## Action item
Without including any picture, repeat the records below exactly.

Saved data entries
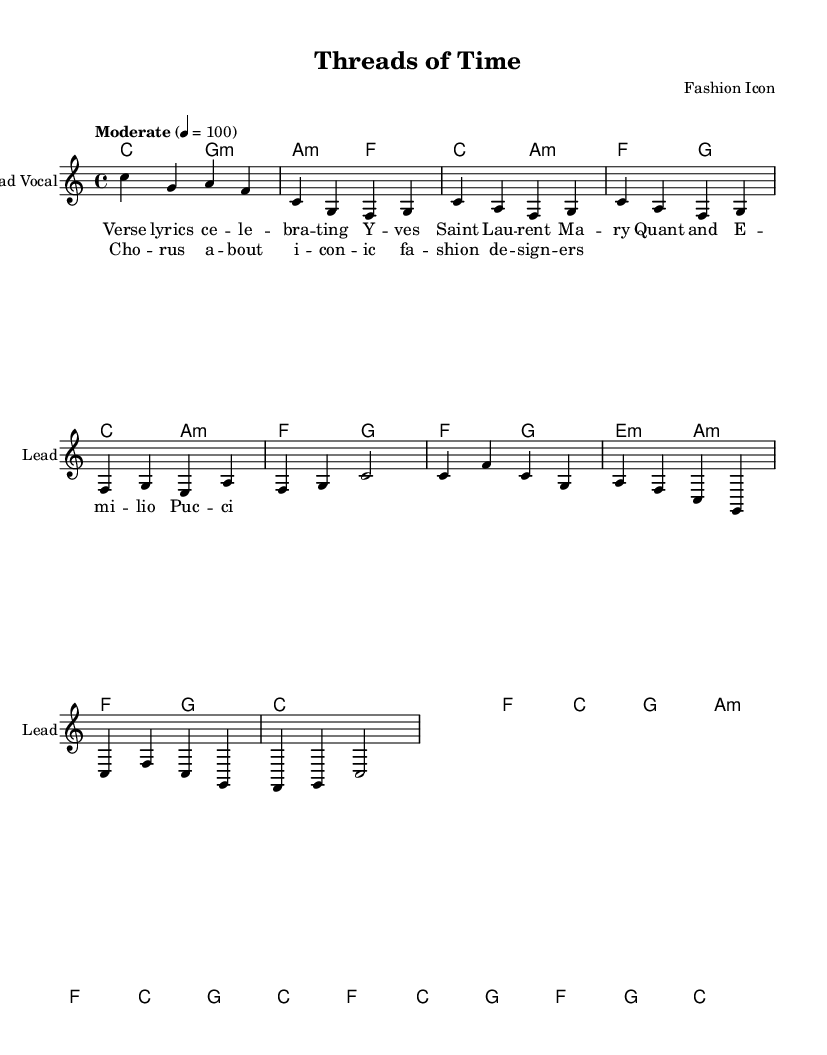What is the key signature of this music? The sheet music indicates that it is in C major, which has no sharps or flats. This is evident from the absence of any sharp or flat symbols at the beginning of the staff.
Answer: C major What is the time signature of this piece? The time signature is given right after the clef at the beginning of the score, which is 4/4. This means there are four beats in each measure and a quarter note gets one beat.
Answer: 4/4 What is the tempo marking for this piece? The tempo marking is located above the staff and states "Moderate" with a beats per minute indication of 100. This provides information on how quickly the piece should be played.
Answer: Moderate 4 = 100 How many measures are in the chorus section? By analyzing the structure provided in the melody and harmony, the chorus repeats with a total of four measures. Each set of chord and melody corresponds to the chorus lyrics, identifiable by their distinct wording.
Answer: Four measures What chord is played during the verse section's first measure? The first measure of the verse corresponds to the chord indicated in the harmonies section, which is C major. It can be confirmed by observing that the chord symbol above the staff is C.
Answer: C major What genre does this piece belong to? The elements in the lyrics, along with the stylistic choices in the harmonies and melodies, point to it being categorized within the Soul genre, particularly drawing inspiration from Classic Motown.
Answer: Soul Which iconic fashion designer is mentioned in the lyrics? The lyrics clearly highlight Yves Saint Laurent as one of the fashion designers celebrated in the verses. The name is explicitly stated in the lyrics section, making it easily identifiable.
Answer: Yves Saint Laurent

## Response box
What is the key signature of this music? The sheet music indicates that it is in C major, which has no sharps or flats. This is evident from the absence of any sharp or flat symbols at the beginning of the staff.
Answer: C major What is the time signature of this piece? The time signature is given right after the clef at the beginning of the score, which is 4/4. This means there are four beats in each measure and a quarter note gets one beat.
Answer: 4/4 What is the tempo marking for this piece? The tempo marking is located above the staff and states "Moderate" with a beats per minute indication of 100. This provides information on how quickly the piece should be played.
Answer: Moderate 4 = 100 How many measures are in the chorus section? By analyzing the structure provided in the melody and harmony, the chorus repeats with a total of four measures. Each set of chord and melody corresponds to the chorus lyrics, identifiable by their distinct wording.
Answer: Four measures What chord is played during the verse section's first measure? The first measure of the verse corresponds to the chord indicated in the harmonies section, which is C major. It can be confirmed by observing that the chord symbol above the staff is C.
Answer: C major What genre does this piece belong to? The elements in the lyrics, along with the stylistic choices in the harmonies and melodies, point to it being categorized within the Soul genre, particularly drawing inspiration from Classic Motown.
Answer: Soul Which iconic fashion designer is mentioned in the lyrics? The lyrics clearly highlight Yves Saint Laurent as one of the fashion designers celebrated in the verses. The name is explicitly stated in the lyrics section, making it easily identifiable.
Answer: Yves Saint Laurent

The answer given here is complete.